**Exercise aim**
Using the entries that follow, state how many lines contain the word "maximum". The response is that number and nothing more.

Dataset items
---*---

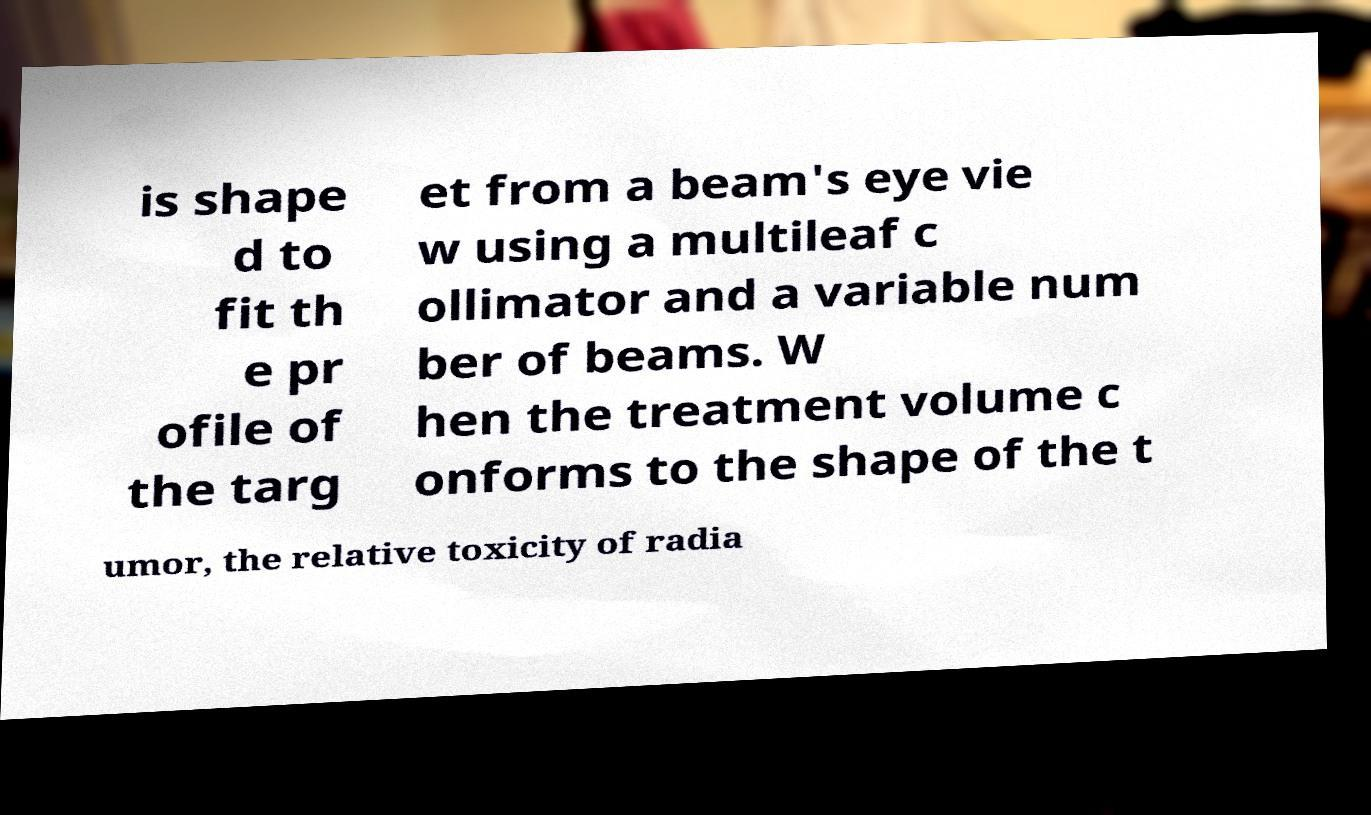Can you accurately transcribe the text from the provided image for me? is shape d to fit th e pr ofile of the targ et from a beam's eye vie w using a multileaf c ollimator and a variable num ber of beams. W hen the treatment volume c onforms to the shape of the t umor, the relative toxicity of radia 
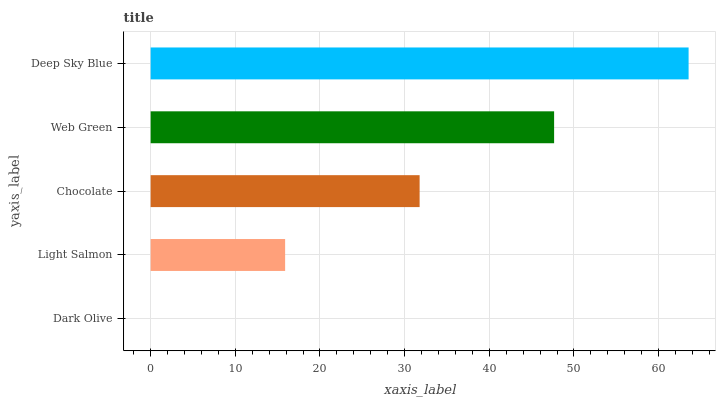Is Dark Olive the minimum?
Answer yes or no. Yes. Is Deep Sky Blue the maximum?
Answer yes or no. Yes. Is Light Salmon the minimum?
Answer yes or no. No. Is Light Salmon the maximum?
Answer yes or no. No. Is Light Salmon greater than Dark Olive?
Answer yes or no. Yes. Is Dark Olive less than Light Salmon?
Answer yes or no. Yes. Is Dark Olive greater than Light Salmon?
Answer yes or no. No. Is Light Salmon less than Dark Olive?
Answer yes or no. No. Is Chocolate the high median?
Answer yes or no. Yes. Is Chocolate the low median?
Answer yes or no. Yes. Is Web Green the high median?
Answer yes or no. No. Is Light Salmon the low median?
Answer yes or no. No. 
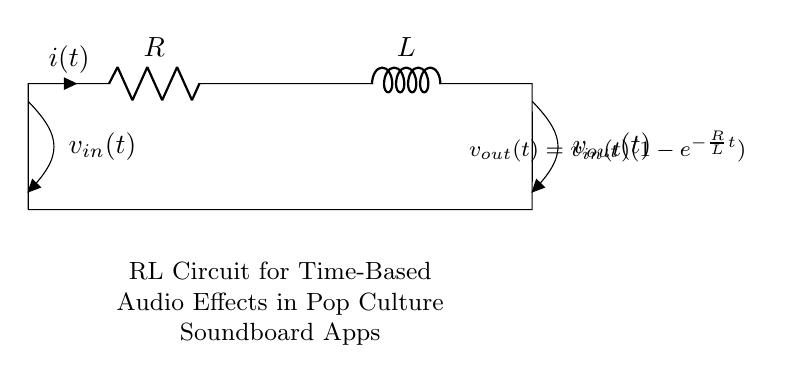What are the components present in this circuit? The circuit consists of a resistor (R) and an inductor (L), which are clearly labeled.
Answer: Resistor and Inductor What is the output voltage equation represented in the circuit? The equation for output voltage is given as v_out(t) = v_in(t)(1-e^(-R/L t)), which is shown in the diagram.
Answer: v_out(t) = v_in(t)(1-e^(-R/L t)) What does the current through the resistor and inductor represent? The current i(t) arrow denotes the flow of current through the circuit, specifically through the resistor.
Answer: i(t) What happens to the output voltage as time approaches infinity? As time approaches infinity, the term e^(-R/L t) approaches zero, leading v_out(t) to equal v_in(t).
Answer: v_in(t) What is the significance of the inductor in this RL circuit? The inductor stores energy in a magnetic field when current flows through it, affecting the time constant and response of the circuit.
Answer: Energy storage

---*---

**Response for this exercise**
2